Сколько раз рассказывал свою историю Тадеуш Коржиньский? И наверняка, всегда в темной комнате, после наступления темноты, при единственной зажженной лампе, в тишине. Сколько раз он вынимал шкатулку и бережно разворачивал медовую замшу? Фотографий нет, ты должен поверить моей памяти. Обычный недуг пожилых людей. Ему наверняка уже больше пятидесяти. Мне вспомнилась мать Фредека Вельца, ненамного старше. Со смерти Фредека ее память застыла, словно картинка в фотопластиконе, вперед не движется, новых картин не аккумулирует — она попросту не принимает мира, в котором Фредека нет среди живых. Это разновидность добродушного сумасшествия, который на склоне жизни случается у людей доверчивых и ласковых, с мягким сердцем.

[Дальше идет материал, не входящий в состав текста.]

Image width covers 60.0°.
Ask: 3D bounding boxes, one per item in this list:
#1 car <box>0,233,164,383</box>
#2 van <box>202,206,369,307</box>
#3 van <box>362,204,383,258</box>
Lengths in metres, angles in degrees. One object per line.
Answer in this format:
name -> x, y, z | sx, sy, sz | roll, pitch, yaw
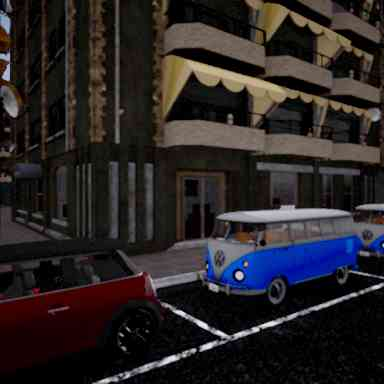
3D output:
car -> -2.500, 1.438, 4.310 | 4.097, 1.590, 1.967 | 0, 1, -36
van -> 2.125, 1.304, 7.623 | 3.998, 1.788, 1.690 | 0, 1, -36
van -> 6.750, 1.271, 10.937 | 3.998, 1.788, 1.690 | 0, 0, -36

Она никогда не ложится спать до полуночи, зато потом компенсирует это, подремывая большую часть дня; я знал, что меня она примет. Обычно, я захожу к ней по дороге от Коржиньских — как прошел денек, как вы себя чувствуете, пани Мария, не забыл ли хозяин принести угля, а эти пара рублей — это от Фредека, сам он, к сожалению, не мог, завтра обязательно заскочит, ведь вчера же он был, правда?
Она открыла, едва я постучал, как будто бы ждала у дверей или высматривала меня через окно. Экономка уже вернулась к немцам, которые снимали квартиру на пятом этаже; к вдове она заходила часа на два-три. Остаток дня госпожа Вельц проводила в одиночестве. Дома она не покидала. Иногда к ней приходили соседи или знакомые соседей — она гадала им на картах, по руке, толковала сны. А что еще остается на старость женщине из хорошего мещанского дома? Сплетничать, на пяльцах вышивать, сватать молодых, вспоминать собственную молодость. Когда-то она нагадала мне, что женами у меня будут пять или шесть женщин, которые родят мне четверых сыновей, что я соберу громаднейшее состояние, но — вдобавок — умру совсем молодым.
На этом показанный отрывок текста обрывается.